Adding that “we’ve done you no favors by averting our eyes from your misjudgments,” Mr. Emanuel says that he would impose sanctions on Israeli individuals who attack Palestinians or their property, and on Israeli officials who support such violence. Perhaps more significantly, he would impose them on construction companies or banks involved in illegal settlement construction.
Mr. Emanuel, who boasts of having incurred Mr. Netanyahu’s anger during the Obama administration, repeatedly attacks the prime minister. He partly blames U.S. policymakers over the years who believed “that the best thing Washington could do for Jerusalem was to blindly and silently stand behind your government.”
That, he says, produced a prime minister who could count on paying little price “if he ignored America’s concerns about settlements and sparked a regional war.” It allowed Israel to deny food and medical relief to suffering Gazans, “leaving the world to conclude that Israelis not only want to kill” them but are “indifferent to their death, destruction and suffering.” And it emboldened a governing coalition that learned that it could burn West Bank farmland and “terrorize Palestinian families without consequence.”
And he faults Mr.

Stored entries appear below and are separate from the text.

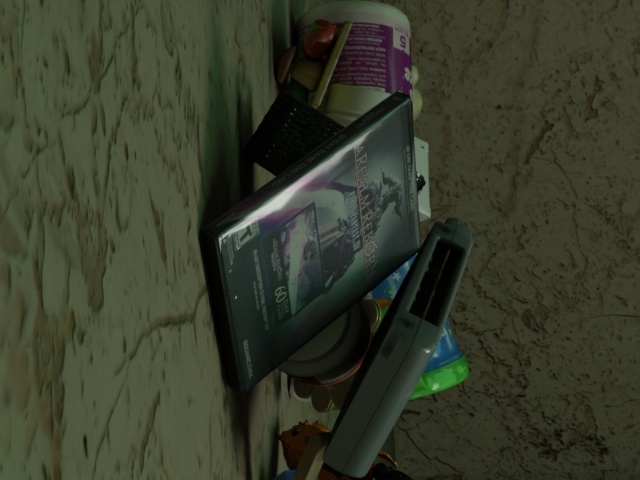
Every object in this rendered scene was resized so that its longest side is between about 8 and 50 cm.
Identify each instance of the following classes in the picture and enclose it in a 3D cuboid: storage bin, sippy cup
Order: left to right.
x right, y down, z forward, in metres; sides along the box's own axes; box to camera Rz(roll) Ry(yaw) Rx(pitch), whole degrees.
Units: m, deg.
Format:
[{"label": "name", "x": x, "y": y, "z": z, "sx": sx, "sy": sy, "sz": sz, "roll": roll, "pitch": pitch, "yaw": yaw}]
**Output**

Netanyahu for refusing to plan for the day after the war in Gaza, leaving Israel stuck in a holding pattern of “occupation and isolation.”
“Hamas’s goal on Oct. 7 was not just to kill as many Israelis as possible — it was to extinguish the idea that Israelis and Palestinians could ever find common ground and live side by side,” he says in the speech. “The tragedy is that Netanyahu has helped Hamas achieve that objective.”